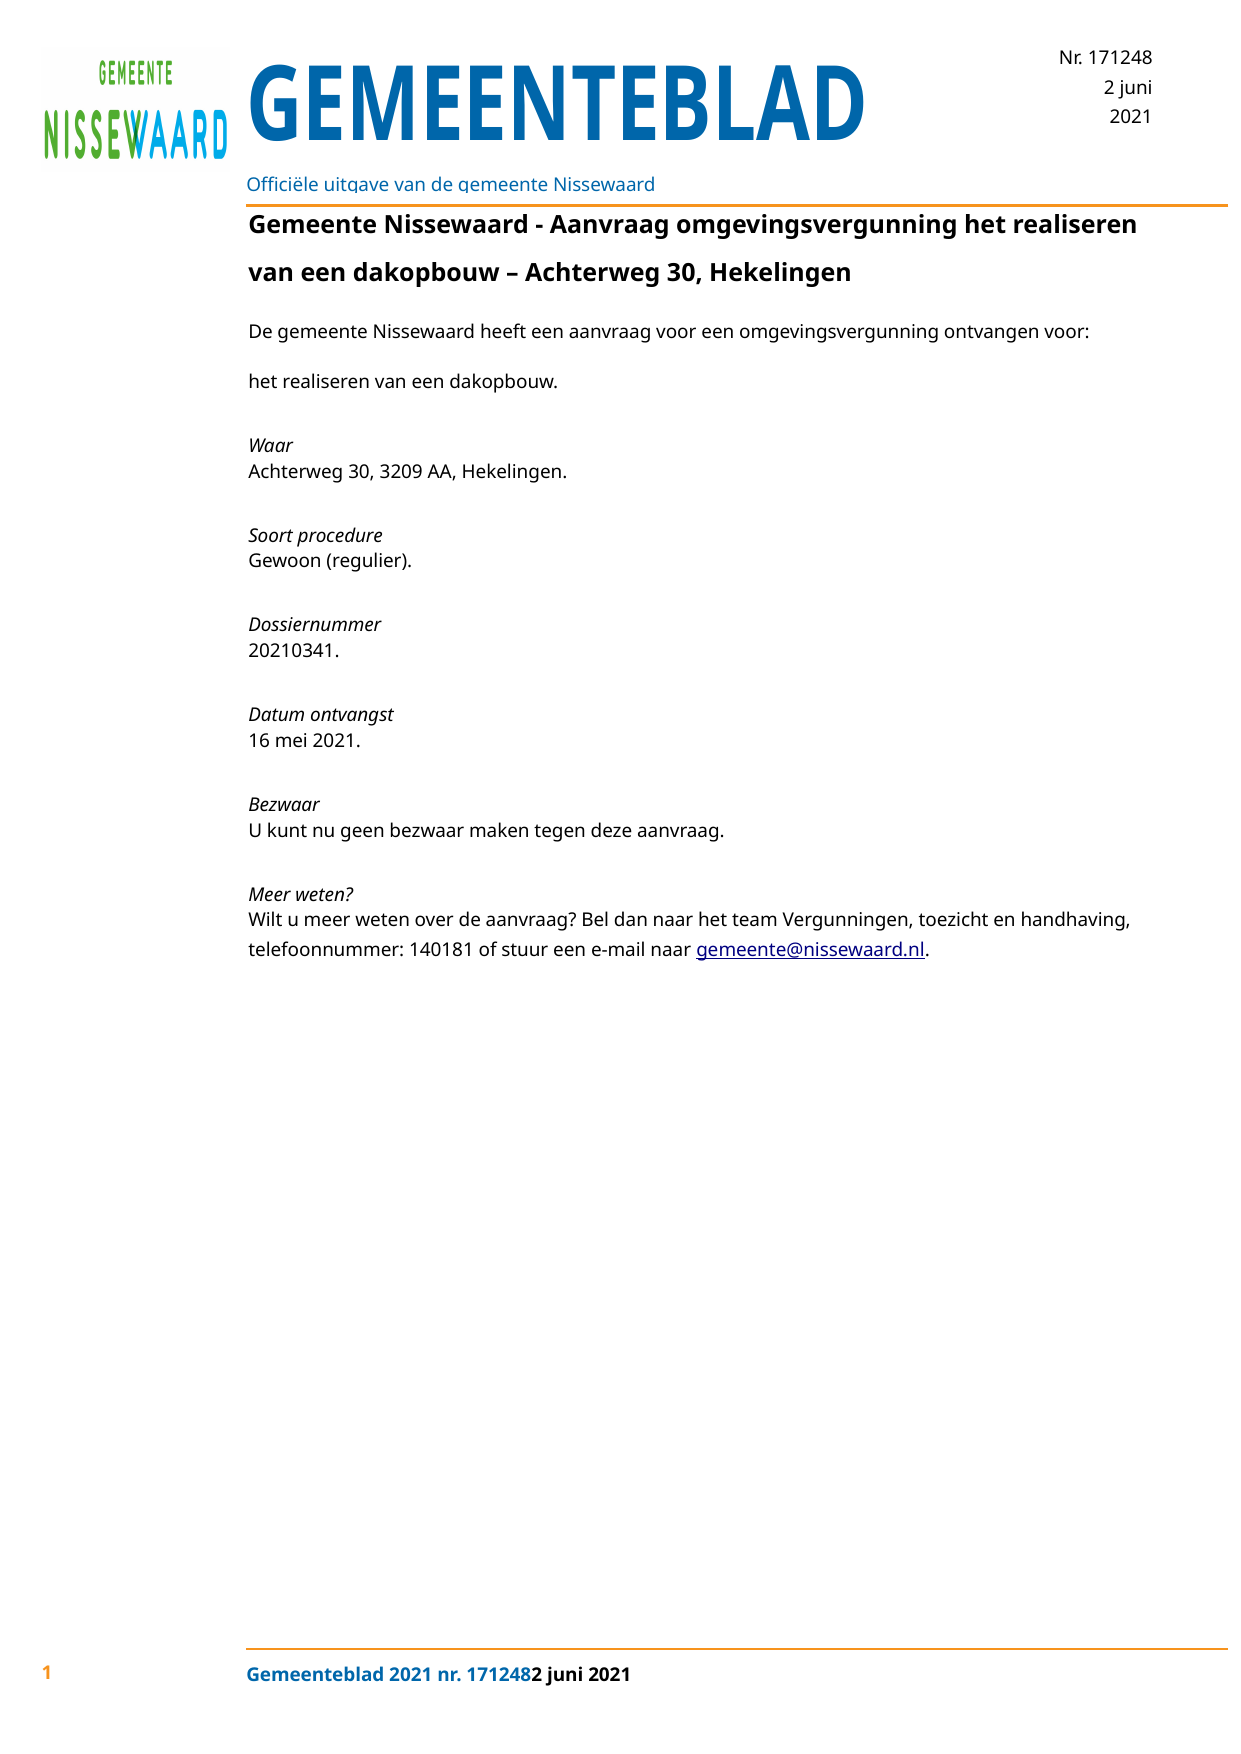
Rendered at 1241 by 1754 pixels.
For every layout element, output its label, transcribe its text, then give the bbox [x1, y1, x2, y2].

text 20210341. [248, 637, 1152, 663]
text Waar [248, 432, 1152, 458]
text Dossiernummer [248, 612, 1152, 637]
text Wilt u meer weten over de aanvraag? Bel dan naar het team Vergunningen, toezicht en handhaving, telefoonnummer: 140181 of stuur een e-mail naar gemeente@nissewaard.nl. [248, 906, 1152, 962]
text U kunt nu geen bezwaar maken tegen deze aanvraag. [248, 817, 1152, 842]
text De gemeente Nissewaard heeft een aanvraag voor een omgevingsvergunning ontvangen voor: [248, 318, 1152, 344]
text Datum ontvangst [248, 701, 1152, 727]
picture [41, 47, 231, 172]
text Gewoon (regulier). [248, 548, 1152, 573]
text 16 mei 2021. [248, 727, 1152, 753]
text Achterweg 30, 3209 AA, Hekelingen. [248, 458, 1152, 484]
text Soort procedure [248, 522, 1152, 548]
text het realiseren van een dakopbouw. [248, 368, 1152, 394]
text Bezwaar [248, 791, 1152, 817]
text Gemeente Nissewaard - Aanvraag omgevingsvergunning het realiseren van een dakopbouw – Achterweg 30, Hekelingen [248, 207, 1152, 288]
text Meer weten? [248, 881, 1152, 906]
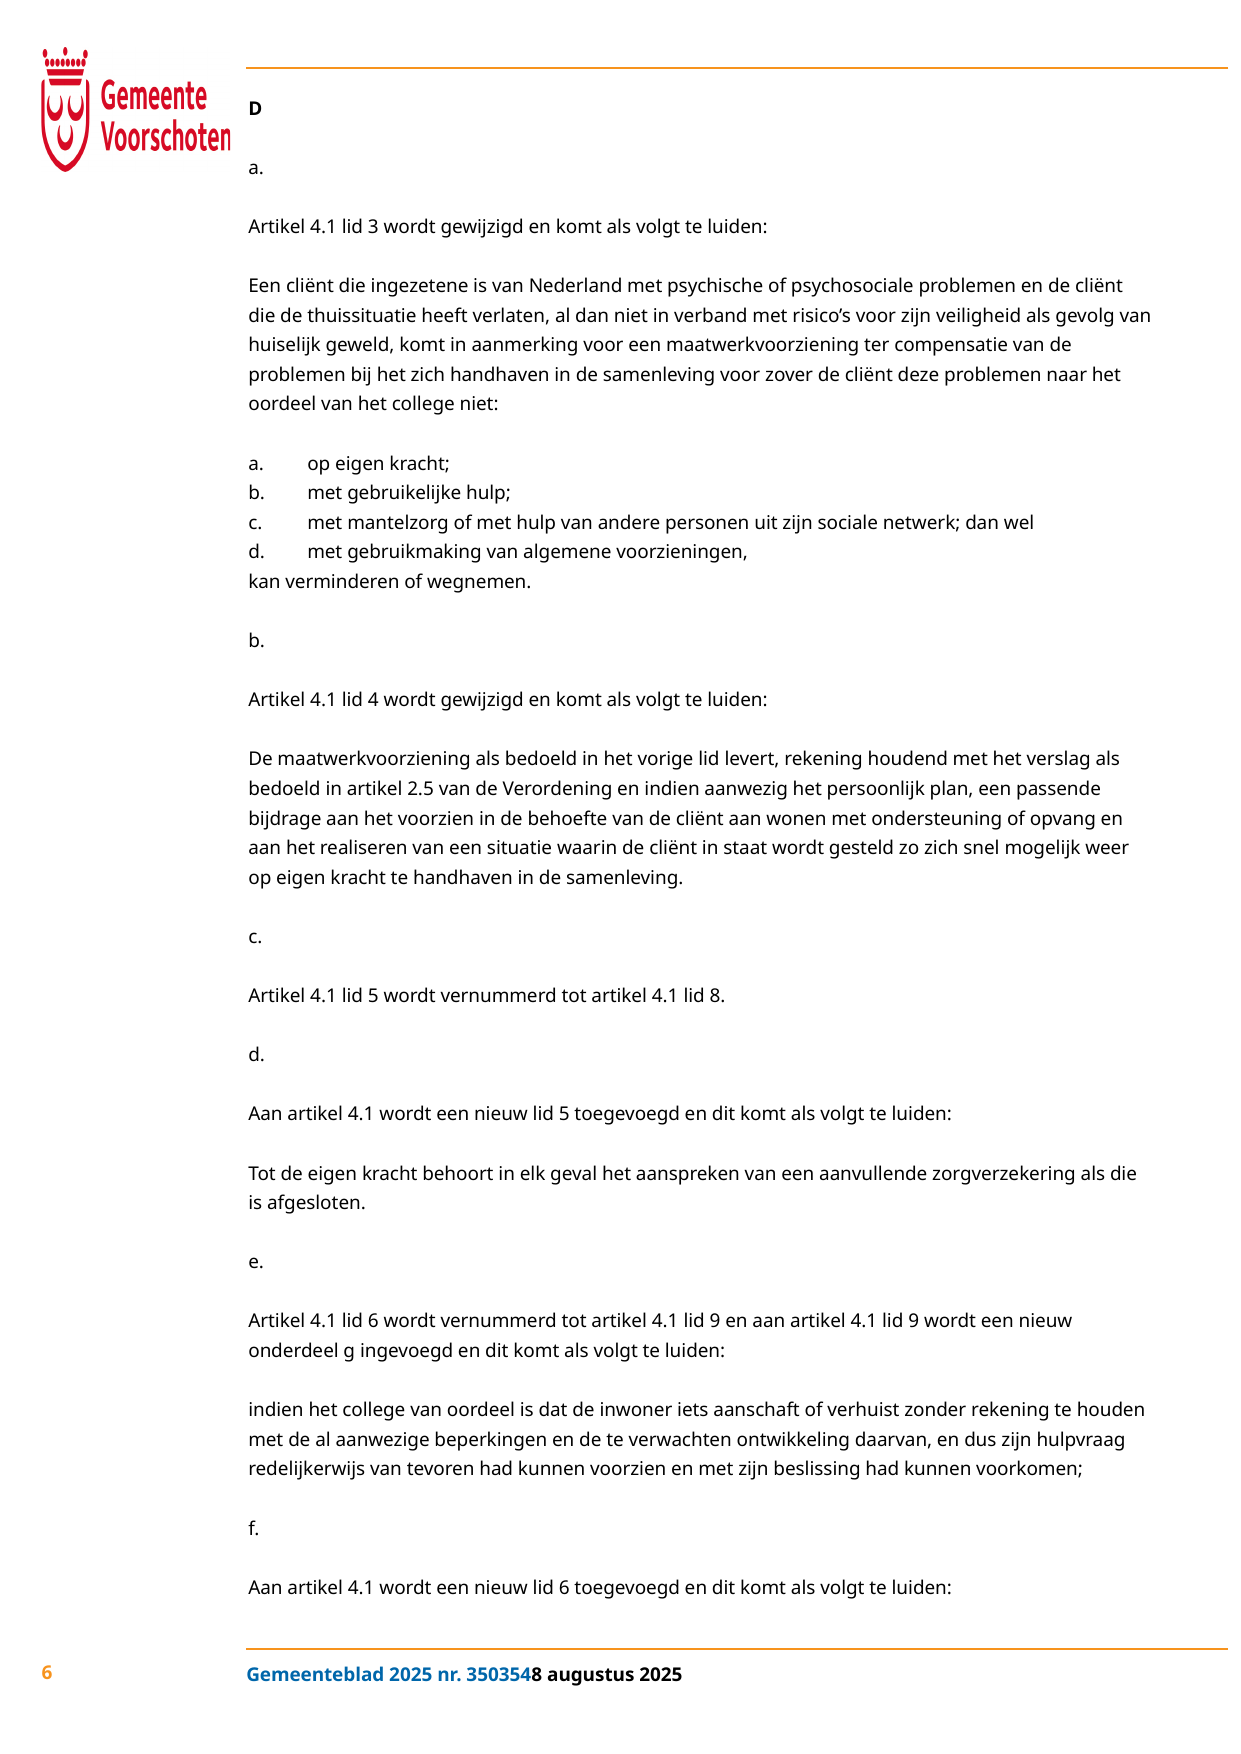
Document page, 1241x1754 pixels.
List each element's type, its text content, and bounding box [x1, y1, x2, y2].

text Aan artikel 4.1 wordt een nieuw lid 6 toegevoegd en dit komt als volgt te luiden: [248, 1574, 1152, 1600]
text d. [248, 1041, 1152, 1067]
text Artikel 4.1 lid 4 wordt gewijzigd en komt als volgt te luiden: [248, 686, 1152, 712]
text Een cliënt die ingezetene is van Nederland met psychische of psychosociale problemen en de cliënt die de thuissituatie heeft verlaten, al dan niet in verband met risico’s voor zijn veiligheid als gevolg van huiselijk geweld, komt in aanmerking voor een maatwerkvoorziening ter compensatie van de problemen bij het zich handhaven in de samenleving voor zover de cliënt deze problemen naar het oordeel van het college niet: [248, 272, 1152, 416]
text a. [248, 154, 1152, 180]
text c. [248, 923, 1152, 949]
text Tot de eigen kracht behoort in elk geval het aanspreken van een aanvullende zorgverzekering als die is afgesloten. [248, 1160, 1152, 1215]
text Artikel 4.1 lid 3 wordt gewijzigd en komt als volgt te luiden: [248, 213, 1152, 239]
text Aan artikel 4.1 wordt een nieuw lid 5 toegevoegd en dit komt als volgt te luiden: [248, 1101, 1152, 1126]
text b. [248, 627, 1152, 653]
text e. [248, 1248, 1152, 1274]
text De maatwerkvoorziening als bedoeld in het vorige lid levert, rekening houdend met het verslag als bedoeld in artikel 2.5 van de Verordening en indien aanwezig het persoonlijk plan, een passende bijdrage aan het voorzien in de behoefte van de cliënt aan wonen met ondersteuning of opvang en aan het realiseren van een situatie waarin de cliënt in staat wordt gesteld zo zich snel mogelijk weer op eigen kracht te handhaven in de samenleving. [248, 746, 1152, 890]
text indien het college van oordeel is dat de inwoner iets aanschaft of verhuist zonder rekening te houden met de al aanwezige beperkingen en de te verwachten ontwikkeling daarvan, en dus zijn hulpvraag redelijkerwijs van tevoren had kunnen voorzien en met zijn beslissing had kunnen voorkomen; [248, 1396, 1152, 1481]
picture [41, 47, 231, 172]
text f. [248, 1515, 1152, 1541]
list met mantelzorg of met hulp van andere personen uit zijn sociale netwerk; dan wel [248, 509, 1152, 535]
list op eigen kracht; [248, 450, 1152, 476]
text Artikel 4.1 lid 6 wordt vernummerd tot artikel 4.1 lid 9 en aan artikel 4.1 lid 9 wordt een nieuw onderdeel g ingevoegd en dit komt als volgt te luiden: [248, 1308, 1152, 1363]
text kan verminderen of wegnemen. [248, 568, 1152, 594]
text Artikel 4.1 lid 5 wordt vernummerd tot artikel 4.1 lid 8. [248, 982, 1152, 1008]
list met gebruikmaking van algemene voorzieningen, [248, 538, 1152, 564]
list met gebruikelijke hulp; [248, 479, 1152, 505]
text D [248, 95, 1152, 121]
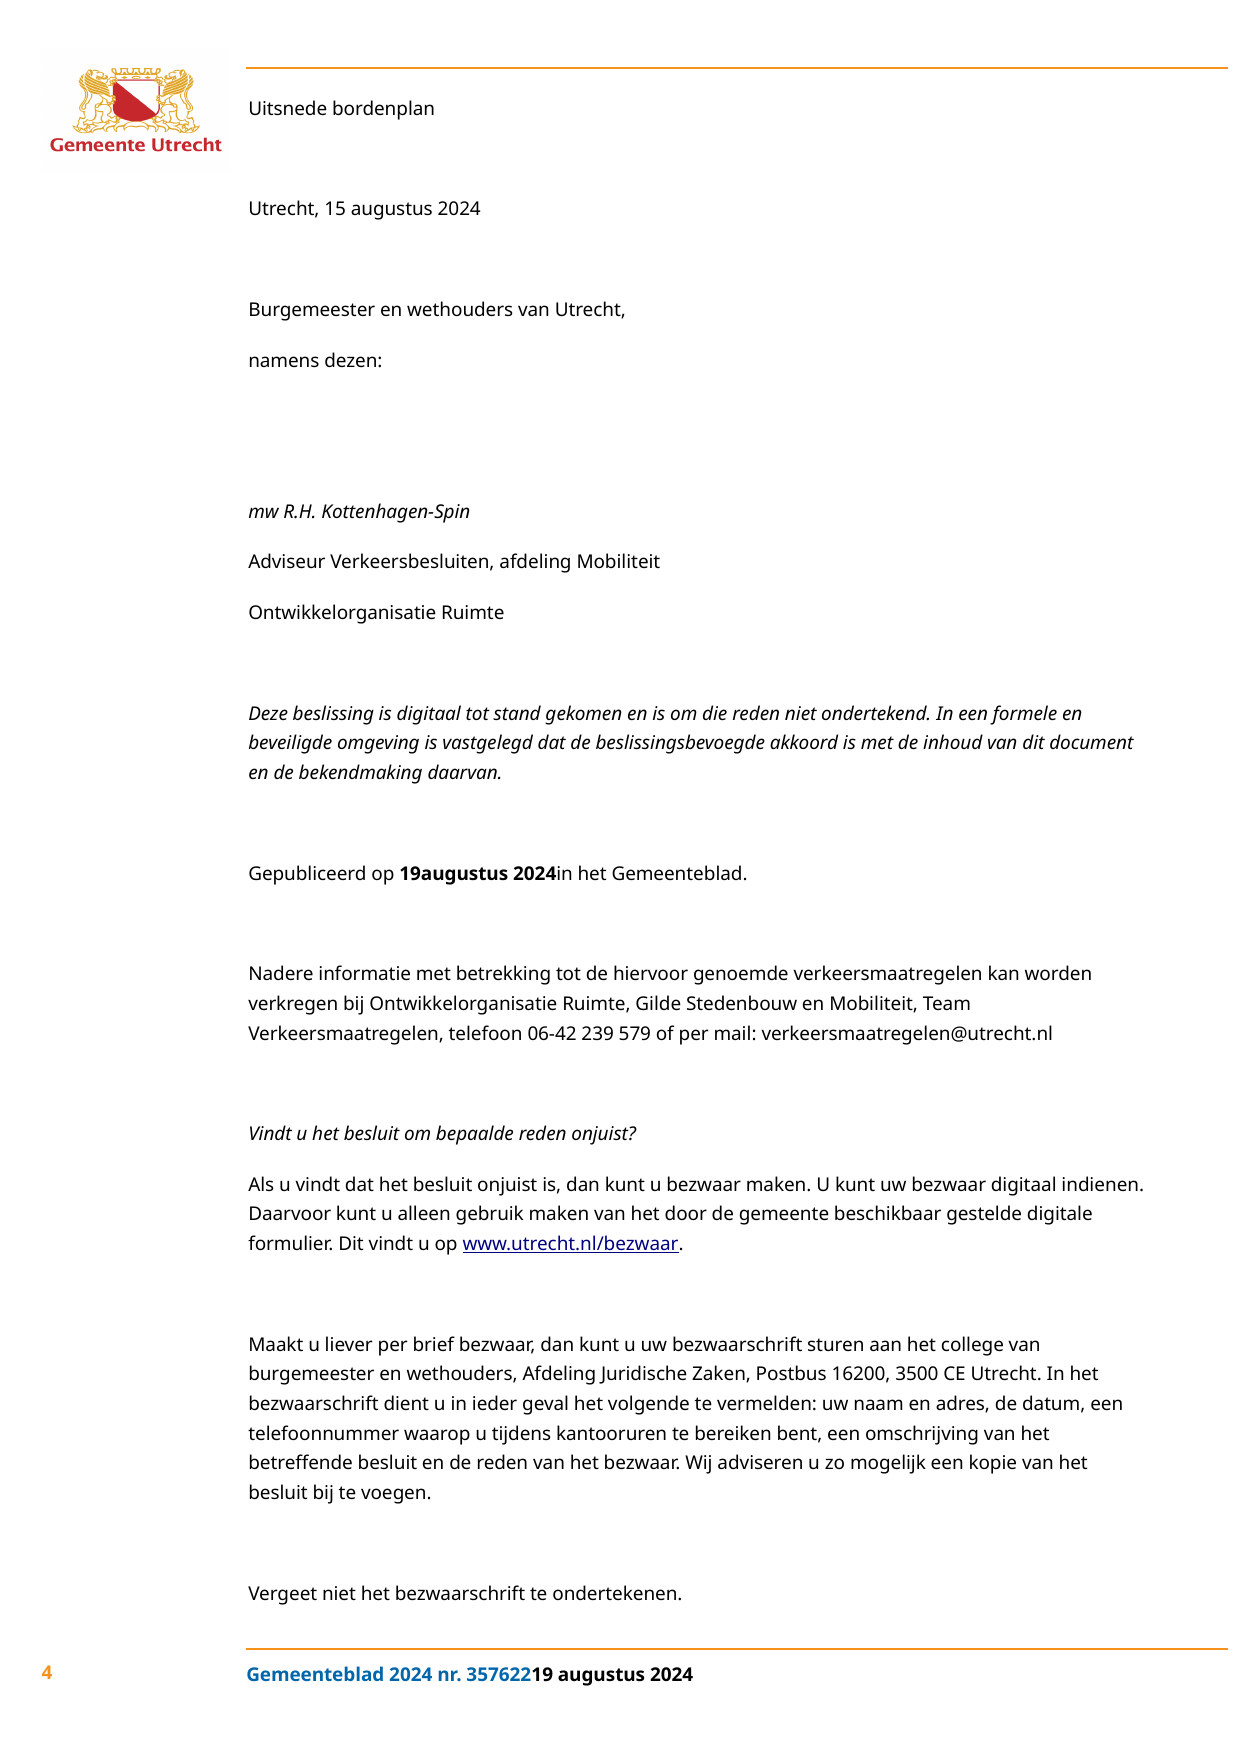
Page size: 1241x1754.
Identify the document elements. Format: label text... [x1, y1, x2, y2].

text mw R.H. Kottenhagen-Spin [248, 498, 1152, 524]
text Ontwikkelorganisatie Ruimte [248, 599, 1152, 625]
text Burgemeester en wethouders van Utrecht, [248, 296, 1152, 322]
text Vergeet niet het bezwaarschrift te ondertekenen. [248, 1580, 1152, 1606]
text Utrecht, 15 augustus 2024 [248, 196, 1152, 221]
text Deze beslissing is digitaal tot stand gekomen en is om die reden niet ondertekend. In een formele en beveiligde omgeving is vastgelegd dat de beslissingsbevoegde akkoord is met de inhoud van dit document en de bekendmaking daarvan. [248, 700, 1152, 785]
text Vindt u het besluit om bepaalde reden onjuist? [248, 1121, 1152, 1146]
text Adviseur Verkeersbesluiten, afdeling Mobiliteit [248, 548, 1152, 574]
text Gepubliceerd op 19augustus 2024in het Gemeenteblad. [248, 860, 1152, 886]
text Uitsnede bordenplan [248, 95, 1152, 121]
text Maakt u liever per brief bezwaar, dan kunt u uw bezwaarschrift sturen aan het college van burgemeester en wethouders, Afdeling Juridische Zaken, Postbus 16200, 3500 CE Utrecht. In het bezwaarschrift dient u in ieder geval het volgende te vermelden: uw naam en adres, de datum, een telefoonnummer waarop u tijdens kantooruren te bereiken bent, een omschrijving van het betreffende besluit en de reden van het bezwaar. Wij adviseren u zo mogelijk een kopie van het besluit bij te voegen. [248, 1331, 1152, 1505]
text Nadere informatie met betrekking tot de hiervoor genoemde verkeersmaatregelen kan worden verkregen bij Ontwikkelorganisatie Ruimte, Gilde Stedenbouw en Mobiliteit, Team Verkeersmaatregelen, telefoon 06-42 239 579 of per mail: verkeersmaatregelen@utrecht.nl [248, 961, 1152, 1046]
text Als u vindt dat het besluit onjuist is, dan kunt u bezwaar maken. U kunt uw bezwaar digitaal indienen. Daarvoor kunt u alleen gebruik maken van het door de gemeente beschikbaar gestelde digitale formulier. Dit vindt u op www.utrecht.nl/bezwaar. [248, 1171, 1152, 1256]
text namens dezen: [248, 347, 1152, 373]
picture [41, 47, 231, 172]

━━━━

#### Work item:
The lines needed run from the first line of the records through the line containing "text De gemeente", both included. Restate them word for word, without pictures.

#### Task output:
Rendered at 1241 by 1754 pixels.
For every layout element, output its label, transcribe its text, then give the bbox [x1, y1, x2, y2].

text 20210341. [248, 637, 1152, 663]
text Waar [248, 432, 1152, 458]
text Dossiernummer [248, 612, 1152, 637]
text Wilt u meer weten over de aanvraag? Bel dan naar het team Vergunningen, toezicht en handhaving, telefoonnummer: 140181 of stuur een e-mail naar gemeente@nissewaard.nl. [248, 906, 1152, 962]
text U kunt nu geen bezwaar maken tegen deze aanvraag. [248, 817, 1152, 842]
text De gemeente Nissewaard heeft een aanvraag voor een omgevingsvergunning ontvangen voor: [248, 318, 1152, 344]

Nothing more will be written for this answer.